### STUDY MATERIAL:
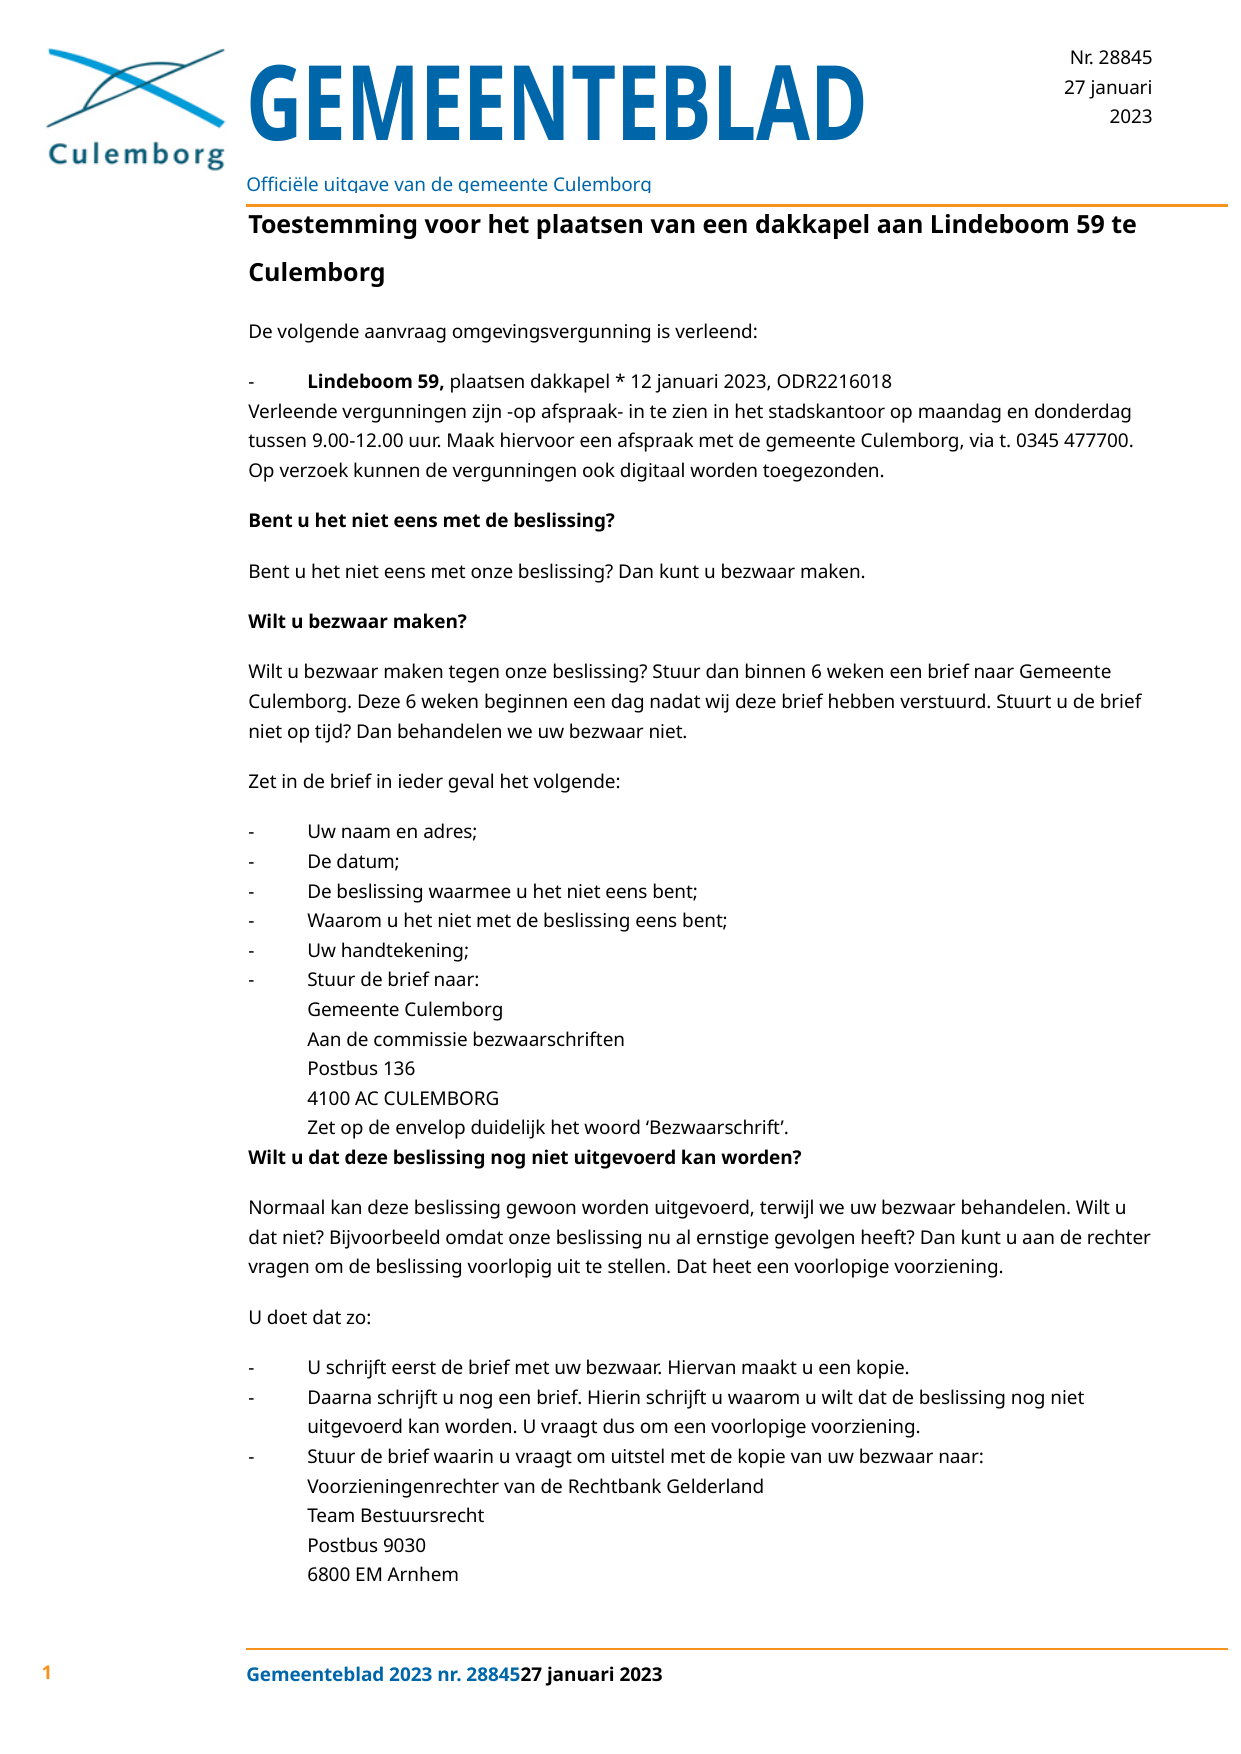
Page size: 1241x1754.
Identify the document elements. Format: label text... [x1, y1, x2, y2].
* * *
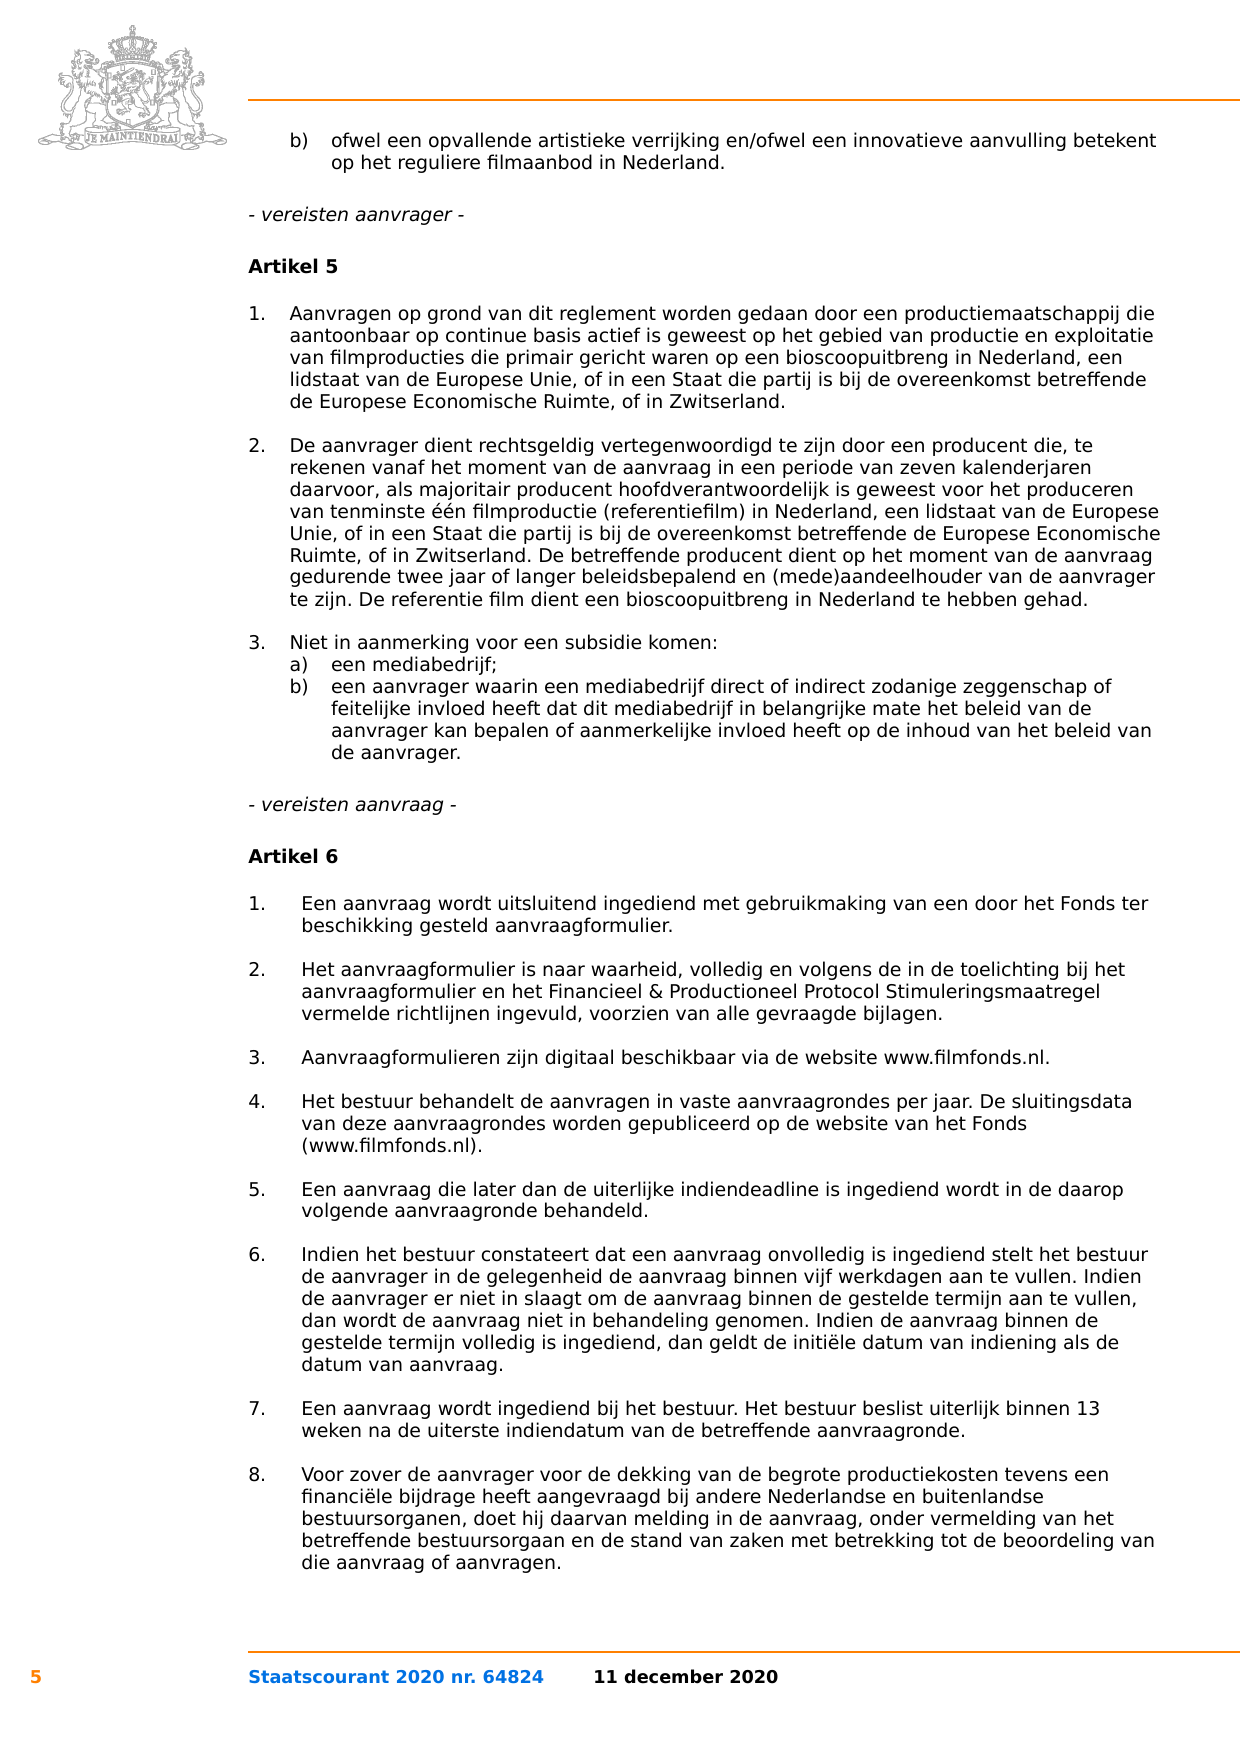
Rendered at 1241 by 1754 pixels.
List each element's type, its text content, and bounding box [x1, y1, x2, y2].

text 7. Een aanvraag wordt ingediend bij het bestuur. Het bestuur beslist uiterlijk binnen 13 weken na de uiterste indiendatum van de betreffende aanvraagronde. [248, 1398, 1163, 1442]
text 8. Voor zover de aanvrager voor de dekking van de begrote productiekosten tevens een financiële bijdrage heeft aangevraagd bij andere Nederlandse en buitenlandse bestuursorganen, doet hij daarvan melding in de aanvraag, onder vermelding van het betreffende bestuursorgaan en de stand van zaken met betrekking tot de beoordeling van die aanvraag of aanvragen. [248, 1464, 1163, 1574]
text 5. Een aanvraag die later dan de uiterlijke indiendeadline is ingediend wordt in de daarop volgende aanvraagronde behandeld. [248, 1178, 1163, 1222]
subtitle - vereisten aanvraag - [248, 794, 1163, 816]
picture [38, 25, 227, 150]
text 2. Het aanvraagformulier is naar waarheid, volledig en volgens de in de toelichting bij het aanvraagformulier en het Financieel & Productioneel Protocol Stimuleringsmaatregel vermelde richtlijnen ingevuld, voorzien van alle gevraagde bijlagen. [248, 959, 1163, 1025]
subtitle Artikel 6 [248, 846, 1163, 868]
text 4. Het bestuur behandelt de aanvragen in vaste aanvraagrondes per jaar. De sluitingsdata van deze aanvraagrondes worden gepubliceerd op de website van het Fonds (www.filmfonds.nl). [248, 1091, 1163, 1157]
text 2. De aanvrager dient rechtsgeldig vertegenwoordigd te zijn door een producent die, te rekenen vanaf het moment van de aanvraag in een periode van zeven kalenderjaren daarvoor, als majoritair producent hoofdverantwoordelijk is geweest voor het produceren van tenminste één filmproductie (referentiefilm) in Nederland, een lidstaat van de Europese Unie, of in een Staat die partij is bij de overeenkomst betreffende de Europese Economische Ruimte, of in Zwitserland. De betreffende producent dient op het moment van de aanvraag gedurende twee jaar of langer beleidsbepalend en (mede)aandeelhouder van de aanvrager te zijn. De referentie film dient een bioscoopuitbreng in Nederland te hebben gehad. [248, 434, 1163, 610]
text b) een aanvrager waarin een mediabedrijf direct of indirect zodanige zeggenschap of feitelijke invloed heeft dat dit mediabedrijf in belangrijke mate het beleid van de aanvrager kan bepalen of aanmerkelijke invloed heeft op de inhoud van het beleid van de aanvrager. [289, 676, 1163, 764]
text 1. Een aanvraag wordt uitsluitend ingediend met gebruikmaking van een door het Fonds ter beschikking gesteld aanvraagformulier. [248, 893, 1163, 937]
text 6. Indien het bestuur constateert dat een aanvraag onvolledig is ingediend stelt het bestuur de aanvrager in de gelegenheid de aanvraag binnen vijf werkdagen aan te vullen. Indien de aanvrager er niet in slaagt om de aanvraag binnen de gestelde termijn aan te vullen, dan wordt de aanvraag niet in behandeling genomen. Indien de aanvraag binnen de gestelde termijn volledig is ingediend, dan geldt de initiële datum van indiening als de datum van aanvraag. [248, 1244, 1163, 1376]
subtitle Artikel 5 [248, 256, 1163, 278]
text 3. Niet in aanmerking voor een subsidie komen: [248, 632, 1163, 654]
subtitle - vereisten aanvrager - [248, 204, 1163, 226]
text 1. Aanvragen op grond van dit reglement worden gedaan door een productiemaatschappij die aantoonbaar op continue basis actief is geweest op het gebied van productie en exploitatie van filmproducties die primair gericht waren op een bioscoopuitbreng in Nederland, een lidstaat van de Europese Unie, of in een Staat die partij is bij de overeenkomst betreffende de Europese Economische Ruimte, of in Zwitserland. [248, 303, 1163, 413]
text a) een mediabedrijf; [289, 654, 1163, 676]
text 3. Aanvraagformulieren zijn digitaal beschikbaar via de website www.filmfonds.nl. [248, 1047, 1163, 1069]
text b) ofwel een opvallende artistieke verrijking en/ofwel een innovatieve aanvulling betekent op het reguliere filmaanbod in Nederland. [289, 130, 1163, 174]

### PROBLEM TO WORK ON:
Retype only the stretch of lines above starting at the one with "Page size: 1241x1754." and stopping at the one with "Identify the document", exactly as written, with both kept.

### OUTPUT FOR THIS TASK:
Page size: 1241x1754.
Identify the document elements. Format: label text... [x1, y1, x2, y2].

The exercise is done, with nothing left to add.